Peel Butternut squash with potato peeler (or knife if you are feeling adventurous) 

Cut the squash in half lengthwise & scoop out the seeds

Chop up butternut squash and put in a bowl. Sprinkle about a Tablespoon of olive oil over them. Then add salt and pepper to taste. Once the chunks are coated, lay on a single layer on your baking sheet. Peel garlic and place on baking sheet too. 

Cook in a 400* oven for about 20 minutes or until they are browned and a fork can easily go through them. 

Once they are cooled slightly, add them to your blender. Pulse. Add 1/2 cup chicken broth slowly and keep pulsing until desired consistency (you may need to add more, depending on your blender and the texture you are wanting)

The blender makes it look chunkier than it is. This has no chunks, but is a thicker consistency. YUM!
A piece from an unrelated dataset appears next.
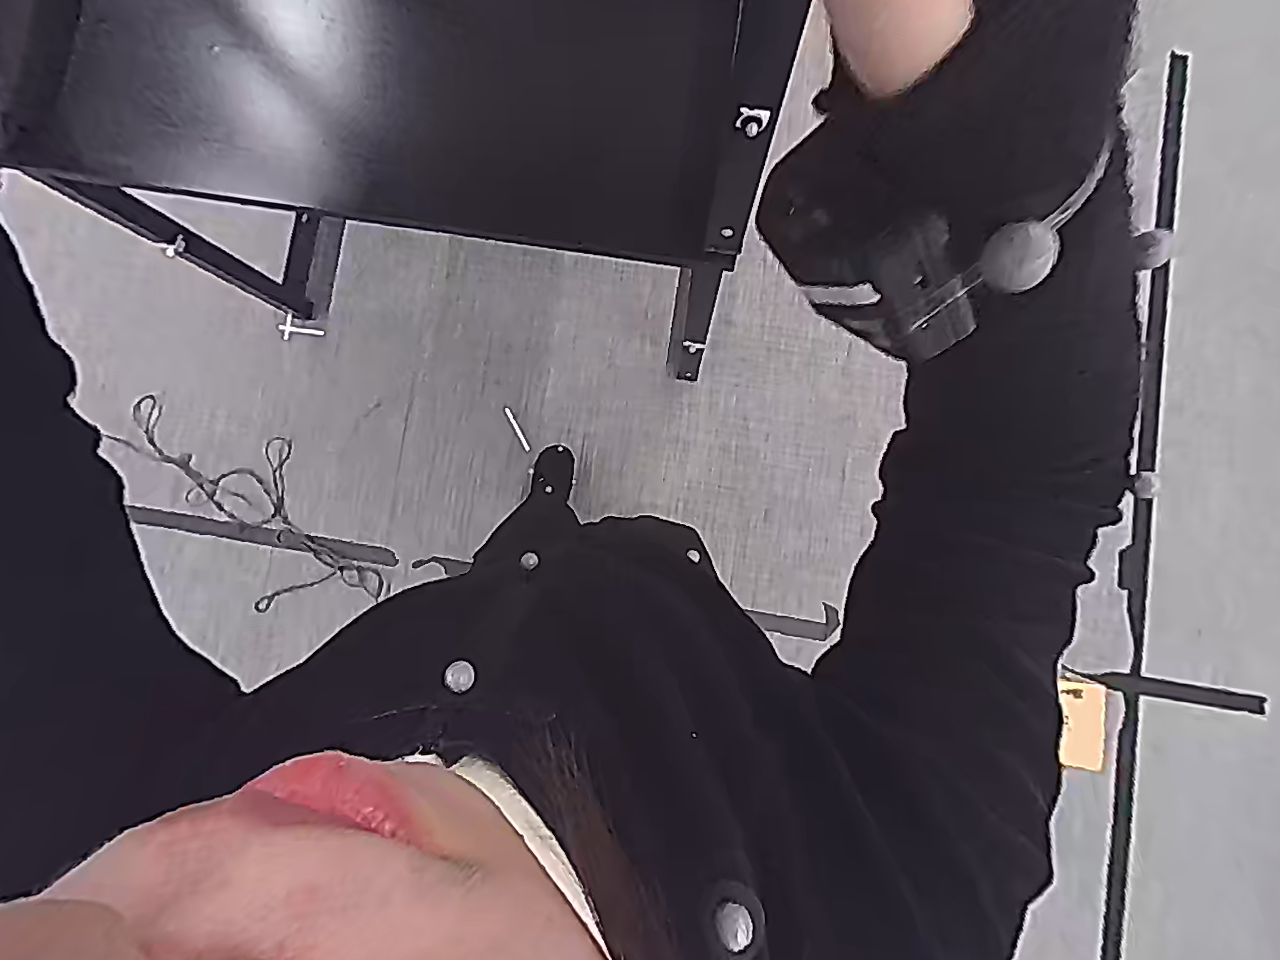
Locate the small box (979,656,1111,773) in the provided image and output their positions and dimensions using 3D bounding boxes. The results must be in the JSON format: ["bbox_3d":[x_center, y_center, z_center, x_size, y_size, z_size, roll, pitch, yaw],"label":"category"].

Out of the blender, I mixed it a little more to smooth out the consistency from the blades. This goes great on pizza! I'll have a pizza post soon. I've also used this for baked pasta which is also tasty! 

To store leftovers, I use this great baby food storage container. They portion, AND they pop out so easy so you can just pop as many as you want in a small kettle to warm up! It's perfect! I also freeze this to last longer, especially if I know I won't use this sauce for a bit! Definitely recommend this!